[[ Data extracts, beginning ]]

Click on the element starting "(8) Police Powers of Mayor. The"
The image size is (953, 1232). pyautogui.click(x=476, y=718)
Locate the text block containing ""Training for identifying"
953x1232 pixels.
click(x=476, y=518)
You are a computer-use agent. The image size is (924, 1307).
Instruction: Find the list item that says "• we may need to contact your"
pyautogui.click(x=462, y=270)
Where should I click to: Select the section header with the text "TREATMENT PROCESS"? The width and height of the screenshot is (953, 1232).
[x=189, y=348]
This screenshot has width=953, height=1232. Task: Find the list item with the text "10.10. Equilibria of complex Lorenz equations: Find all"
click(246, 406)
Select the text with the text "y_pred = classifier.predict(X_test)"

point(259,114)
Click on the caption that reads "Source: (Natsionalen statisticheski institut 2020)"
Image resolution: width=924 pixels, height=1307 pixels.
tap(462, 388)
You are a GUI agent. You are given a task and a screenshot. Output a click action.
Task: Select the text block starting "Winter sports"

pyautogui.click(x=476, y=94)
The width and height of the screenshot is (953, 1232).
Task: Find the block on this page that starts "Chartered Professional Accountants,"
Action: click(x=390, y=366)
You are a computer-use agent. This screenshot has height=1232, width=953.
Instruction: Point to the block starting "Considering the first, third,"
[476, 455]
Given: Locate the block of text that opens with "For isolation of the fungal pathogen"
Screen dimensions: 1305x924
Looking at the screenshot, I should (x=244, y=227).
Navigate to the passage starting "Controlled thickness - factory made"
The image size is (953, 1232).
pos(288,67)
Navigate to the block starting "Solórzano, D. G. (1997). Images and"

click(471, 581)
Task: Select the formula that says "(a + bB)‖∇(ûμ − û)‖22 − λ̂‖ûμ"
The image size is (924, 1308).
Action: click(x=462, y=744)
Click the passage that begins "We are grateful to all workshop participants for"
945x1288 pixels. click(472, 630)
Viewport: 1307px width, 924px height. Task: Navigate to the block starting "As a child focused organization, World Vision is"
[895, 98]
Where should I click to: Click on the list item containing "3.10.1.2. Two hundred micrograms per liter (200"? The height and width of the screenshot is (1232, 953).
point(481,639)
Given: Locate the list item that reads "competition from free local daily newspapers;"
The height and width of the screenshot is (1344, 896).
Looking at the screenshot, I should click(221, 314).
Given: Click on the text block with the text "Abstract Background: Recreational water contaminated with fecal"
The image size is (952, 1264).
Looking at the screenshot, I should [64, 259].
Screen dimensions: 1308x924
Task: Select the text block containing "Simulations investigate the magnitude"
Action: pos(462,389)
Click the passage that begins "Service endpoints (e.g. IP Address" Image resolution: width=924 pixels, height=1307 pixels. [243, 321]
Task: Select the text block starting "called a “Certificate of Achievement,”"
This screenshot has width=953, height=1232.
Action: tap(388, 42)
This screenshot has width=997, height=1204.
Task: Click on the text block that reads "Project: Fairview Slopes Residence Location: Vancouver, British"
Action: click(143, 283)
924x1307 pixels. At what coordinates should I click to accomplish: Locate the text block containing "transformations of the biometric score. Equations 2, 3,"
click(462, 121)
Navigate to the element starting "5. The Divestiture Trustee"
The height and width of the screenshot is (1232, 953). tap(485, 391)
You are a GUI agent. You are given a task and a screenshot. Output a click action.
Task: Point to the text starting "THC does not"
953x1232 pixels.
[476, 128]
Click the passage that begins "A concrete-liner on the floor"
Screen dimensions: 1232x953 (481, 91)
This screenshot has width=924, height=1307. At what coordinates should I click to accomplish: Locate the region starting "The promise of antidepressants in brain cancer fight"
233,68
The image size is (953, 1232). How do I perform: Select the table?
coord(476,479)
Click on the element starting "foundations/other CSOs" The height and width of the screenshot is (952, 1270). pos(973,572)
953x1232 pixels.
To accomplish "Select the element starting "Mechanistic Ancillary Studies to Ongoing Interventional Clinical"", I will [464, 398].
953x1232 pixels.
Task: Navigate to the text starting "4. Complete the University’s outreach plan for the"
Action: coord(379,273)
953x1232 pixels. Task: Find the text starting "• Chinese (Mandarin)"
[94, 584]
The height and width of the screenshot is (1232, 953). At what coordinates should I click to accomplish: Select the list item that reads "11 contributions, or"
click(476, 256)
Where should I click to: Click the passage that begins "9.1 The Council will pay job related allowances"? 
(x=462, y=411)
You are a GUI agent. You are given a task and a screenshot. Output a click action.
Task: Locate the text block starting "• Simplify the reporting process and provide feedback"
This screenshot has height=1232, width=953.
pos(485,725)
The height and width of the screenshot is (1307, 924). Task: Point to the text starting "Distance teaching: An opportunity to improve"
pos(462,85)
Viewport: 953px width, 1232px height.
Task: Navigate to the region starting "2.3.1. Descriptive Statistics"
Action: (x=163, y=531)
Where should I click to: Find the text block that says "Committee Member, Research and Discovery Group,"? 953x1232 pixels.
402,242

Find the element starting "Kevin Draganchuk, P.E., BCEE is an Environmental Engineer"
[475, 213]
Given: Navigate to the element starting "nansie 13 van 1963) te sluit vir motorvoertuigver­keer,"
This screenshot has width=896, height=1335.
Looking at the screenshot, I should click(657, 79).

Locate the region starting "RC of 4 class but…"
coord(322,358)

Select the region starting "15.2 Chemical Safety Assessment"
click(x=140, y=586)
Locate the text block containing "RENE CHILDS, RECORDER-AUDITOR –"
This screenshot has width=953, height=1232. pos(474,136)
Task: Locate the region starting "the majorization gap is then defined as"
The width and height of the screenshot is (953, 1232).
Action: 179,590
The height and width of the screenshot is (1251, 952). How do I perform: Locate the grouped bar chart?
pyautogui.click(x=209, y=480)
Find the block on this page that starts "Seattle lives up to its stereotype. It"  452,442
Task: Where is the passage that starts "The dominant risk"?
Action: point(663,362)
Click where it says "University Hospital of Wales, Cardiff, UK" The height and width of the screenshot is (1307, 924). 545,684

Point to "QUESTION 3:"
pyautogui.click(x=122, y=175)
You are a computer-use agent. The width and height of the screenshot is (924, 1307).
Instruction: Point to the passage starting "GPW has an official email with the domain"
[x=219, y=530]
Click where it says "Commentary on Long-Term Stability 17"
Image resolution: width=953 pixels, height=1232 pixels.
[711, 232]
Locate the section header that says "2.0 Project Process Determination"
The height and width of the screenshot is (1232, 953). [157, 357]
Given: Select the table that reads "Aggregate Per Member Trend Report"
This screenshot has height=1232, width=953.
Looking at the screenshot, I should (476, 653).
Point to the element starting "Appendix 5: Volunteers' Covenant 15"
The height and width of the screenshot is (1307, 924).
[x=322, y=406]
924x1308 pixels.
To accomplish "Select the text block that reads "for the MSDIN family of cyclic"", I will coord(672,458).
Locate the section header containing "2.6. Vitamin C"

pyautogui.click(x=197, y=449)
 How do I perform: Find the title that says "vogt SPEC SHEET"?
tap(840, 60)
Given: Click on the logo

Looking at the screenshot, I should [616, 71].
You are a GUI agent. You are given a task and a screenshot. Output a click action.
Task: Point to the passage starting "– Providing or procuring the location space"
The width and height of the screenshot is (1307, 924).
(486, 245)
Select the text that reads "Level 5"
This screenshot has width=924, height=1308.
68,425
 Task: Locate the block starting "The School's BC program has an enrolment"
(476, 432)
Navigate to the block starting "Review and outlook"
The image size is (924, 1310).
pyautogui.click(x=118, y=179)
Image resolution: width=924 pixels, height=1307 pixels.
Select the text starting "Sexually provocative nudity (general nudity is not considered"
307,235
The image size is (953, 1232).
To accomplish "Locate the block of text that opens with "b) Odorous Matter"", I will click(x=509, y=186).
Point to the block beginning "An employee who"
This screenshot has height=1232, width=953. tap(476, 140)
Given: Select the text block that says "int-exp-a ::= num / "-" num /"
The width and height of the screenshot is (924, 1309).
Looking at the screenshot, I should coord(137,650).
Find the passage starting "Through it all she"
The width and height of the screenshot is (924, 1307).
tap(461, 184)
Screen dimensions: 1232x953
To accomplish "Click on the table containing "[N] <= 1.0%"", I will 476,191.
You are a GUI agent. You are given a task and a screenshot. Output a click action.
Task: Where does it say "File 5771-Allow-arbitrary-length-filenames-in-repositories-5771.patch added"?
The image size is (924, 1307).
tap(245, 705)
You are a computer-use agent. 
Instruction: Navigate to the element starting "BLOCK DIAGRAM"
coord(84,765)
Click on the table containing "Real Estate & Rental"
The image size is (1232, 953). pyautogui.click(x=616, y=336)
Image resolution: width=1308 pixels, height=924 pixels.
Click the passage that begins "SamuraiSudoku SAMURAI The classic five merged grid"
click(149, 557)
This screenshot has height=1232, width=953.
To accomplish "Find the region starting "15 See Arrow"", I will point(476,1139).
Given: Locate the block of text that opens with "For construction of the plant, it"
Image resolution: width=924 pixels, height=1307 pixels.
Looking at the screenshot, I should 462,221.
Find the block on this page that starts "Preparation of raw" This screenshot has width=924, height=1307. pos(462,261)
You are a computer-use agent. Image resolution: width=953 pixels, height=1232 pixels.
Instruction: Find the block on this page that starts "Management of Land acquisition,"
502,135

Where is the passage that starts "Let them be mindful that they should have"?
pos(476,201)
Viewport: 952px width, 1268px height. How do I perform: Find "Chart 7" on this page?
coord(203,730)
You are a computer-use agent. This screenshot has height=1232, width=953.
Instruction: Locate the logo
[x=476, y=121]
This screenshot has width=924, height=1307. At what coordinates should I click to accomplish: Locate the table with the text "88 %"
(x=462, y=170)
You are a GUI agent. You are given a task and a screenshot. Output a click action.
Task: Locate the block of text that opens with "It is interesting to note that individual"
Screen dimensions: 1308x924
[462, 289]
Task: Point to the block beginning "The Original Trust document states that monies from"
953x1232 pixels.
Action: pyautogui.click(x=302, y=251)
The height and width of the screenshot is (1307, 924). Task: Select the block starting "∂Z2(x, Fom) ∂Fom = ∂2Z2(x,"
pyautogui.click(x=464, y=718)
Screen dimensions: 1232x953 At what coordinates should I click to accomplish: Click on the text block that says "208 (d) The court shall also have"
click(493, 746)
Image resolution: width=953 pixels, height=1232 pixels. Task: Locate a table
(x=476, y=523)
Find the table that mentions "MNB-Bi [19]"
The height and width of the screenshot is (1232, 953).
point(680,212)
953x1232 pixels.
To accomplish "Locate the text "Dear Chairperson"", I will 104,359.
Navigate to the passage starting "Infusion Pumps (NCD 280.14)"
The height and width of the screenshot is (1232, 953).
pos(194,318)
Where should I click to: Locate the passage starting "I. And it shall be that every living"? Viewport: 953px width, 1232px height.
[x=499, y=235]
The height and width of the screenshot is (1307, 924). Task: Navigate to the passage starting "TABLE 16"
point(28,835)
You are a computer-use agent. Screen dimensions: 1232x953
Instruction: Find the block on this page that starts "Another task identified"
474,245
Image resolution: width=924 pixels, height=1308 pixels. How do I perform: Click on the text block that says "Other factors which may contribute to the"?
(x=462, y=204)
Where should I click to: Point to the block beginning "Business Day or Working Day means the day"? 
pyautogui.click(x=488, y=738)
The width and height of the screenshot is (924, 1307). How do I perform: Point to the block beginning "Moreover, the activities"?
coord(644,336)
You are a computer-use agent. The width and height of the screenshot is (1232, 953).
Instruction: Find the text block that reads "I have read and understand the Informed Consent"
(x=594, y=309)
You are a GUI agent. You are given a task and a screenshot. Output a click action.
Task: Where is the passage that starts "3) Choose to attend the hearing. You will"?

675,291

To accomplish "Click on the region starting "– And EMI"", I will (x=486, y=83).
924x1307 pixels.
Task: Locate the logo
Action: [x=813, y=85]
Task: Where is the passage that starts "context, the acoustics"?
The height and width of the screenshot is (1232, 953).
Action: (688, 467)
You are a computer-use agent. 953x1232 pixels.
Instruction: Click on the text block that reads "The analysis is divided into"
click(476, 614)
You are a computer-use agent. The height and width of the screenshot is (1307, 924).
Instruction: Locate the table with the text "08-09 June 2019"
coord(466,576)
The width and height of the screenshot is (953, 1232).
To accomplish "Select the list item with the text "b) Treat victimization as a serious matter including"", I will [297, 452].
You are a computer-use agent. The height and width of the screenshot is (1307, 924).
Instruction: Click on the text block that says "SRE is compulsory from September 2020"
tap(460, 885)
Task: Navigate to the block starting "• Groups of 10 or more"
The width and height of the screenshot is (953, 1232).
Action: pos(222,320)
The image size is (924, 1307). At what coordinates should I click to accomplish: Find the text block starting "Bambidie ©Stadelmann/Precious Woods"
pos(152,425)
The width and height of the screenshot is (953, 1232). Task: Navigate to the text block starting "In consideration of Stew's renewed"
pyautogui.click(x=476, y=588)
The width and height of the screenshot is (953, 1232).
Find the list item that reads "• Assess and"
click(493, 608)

[[ Data extracts, end ]]

= Aim of the exercise =
Leaving out all lines before the one containing "The image size is (924, 1307). At", copy that line and the rest through the end of the listing above exactly.

= The answer =
The image size is (924, 1307). At what coordinates should I click to accomplish: Find the text block starting "Bambidie ©Stadelmann/Precious Woods"
pos(152,425)
The width and height of the screenshot is (953, 1232). Task: Navigate to the text block starting "In consideration of Stew's renewed"
pyautogui.click(x=476, y=588)
The width and height of the screenshot is (953, 1232).
Find the list item that reads "• Assess and"
click(493, 608)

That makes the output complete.